(Excerpts from a dataset)
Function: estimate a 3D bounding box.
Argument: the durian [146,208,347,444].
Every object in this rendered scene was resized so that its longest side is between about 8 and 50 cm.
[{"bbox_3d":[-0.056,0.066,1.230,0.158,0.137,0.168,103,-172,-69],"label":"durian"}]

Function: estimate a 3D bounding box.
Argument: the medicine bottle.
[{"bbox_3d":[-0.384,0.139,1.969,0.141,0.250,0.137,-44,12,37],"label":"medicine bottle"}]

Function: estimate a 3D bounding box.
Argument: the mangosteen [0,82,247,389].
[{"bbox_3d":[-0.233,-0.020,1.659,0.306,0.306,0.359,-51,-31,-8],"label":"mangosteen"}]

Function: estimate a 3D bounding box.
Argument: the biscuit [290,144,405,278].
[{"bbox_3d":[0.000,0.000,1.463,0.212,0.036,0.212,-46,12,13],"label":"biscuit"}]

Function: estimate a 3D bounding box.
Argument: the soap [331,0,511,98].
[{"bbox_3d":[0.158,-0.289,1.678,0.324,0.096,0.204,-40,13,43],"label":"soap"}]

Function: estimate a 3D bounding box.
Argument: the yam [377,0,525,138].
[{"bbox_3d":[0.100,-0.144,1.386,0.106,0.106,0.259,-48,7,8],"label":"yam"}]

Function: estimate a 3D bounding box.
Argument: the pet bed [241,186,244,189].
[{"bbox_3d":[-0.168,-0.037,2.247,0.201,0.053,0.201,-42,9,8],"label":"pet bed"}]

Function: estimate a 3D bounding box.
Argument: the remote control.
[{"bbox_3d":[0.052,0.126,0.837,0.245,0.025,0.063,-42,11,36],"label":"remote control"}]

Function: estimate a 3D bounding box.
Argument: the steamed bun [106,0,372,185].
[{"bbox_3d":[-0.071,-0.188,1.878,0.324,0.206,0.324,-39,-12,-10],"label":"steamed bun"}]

---

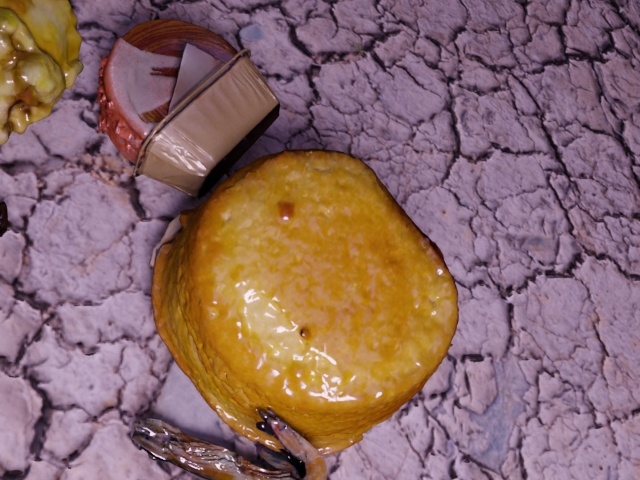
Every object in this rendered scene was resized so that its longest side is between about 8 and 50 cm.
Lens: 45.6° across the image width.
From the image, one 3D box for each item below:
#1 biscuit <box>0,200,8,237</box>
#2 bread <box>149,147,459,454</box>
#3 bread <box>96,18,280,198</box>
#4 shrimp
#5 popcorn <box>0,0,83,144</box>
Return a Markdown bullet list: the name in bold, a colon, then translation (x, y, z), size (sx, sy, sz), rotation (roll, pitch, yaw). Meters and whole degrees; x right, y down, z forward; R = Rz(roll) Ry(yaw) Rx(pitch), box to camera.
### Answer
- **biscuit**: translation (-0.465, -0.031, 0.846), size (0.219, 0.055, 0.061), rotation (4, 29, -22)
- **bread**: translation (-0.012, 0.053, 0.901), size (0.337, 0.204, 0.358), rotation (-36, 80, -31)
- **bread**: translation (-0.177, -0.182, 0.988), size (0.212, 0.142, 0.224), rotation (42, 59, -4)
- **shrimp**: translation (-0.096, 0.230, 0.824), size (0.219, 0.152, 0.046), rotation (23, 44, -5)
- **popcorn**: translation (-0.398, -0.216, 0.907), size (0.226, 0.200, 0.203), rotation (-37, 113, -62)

- ABOUT THIS TASK: Wherever the string "image" occurs in the records above, copy that line.

- RESULT FOR THIS EXERCISE:
Lens: 45.6° across the image width.
From the image, one 3D box for each item below:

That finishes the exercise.